§ **Exercise requirements**: Identify each line below containing the string "made" and copy it.

§ **Entries provided**:
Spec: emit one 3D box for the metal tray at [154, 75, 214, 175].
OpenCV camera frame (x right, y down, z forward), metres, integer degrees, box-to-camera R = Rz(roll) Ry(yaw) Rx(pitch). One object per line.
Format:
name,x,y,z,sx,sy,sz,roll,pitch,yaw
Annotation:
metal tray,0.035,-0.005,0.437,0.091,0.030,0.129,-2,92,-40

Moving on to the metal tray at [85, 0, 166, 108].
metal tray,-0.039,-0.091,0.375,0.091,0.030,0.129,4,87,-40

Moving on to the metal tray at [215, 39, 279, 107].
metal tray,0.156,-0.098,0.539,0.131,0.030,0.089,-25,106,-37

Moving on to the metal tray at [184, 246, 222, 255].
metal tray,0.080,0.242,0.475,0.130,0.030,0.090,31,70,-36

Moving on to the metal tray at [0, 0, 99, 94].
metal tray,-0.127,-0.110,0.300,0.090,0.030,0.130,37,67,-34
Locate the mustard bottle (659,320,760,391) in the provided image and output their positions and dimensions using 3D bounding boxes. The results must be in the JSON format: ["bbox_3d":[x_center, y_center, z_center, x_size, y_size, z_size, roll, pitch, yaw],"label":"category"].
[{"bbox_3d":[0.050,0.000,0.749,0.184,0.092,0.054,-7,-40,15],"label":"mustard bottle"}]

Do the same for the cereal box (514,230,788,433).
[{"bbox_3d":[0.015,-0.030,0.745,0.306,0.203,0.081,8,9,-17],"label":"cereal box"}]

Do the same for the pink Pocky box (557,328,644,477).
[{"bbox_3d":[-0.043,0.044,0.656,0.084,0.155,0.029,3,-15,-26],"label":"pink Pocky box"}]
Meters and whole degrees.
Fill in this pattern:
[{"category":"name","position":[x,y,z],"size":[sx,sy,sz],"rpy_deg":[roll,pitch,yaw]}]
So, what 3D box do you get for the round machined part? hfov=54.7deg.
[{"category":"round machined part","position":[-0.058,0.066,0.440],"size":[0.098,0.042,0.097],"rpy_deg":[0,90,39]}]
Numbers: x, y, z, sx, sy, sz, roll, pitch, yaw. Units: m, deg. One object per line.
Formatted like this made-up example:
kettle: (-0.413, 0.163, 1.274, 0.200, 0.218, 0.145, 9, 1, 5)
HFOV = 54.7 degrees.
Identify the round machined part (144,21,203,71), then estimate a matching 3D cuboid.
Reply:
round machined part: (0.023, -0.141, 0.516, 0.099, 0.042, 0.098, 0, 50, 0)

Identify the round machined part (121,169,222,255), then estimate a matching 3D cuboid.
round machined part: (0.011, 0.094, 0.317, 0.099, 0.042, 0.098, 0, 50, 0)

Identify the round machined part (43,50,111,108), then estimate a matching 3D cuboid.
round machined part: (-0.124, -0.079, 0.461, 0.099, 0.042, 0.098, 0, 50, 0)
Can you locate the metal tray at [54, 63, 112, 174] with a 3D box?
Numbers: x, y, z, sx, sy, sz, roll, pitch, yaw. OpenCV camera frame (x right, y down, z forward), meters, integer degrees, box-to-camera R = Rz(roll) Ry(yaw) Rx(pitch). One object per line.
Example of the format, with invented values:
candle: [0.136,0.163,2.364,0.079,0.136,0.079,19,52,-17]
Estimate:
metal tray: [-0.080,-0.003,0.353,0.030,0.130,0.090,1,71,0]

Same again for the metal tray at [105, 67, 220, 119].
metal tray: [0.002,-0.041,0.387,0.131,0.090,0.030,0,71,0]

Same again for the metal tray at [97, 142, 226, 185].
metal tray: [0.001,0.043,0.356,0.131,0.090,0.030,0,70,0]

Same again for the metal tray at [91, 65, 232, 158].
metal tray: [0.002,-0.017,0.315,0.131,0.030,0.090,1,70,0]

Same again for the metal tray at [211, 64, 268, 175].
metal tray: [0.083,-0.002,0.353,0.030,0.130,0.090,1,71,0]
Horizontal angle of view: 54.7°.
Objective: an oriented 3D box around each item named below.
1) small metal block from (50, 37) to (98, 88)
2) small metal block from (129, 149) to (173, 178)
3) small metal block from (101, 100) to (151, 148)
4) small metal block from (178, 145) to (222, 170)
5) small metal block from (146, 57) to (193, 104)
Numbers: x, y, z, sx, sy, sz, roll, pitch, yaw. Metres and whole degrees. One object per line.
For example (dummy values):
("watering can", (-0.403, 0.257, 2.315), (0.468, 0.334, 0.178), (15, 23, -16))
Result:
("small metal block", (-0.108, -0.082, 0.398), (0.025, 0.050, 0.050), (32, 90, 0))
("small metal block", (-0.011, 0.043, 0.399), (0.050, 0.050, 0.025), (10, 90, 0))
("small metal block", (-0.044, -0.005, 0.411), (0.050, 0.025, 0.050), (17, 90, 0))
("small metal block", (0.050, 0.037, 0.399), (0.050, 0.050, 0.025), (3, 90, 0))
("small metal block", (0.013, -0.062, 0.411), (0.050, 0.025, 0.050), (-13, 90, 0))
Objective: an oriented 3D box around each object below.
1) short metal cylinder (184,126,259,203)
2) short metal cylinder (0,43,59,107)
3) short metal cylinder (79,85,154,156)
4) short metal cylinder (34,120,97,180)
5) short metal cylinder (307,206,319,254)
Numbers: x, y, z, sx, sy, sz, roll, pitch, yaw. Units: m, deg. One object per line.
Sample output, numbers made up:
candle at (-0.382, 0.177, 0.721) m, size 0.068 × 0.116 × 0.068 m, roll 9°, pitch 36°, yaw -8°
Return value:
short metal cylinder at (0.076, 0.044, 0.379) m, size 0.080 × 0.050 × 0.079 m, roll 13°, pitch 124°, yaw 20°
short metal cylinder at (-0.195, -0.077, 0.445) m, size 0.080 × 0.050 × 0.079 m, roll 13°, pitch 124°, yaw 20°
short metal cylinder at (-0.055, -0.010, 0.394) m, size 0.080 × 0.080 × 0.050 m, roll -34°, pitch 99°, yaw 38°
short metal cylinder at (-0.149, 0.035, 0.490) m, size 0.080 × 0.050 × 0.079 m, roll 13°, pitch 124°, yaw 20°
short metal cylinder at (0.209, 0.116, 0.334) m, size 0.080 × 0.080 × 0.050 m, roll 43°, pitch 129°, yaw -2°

§ **Solution for this task**:
Formatted like this made-up example:
Sample output, numbers made up:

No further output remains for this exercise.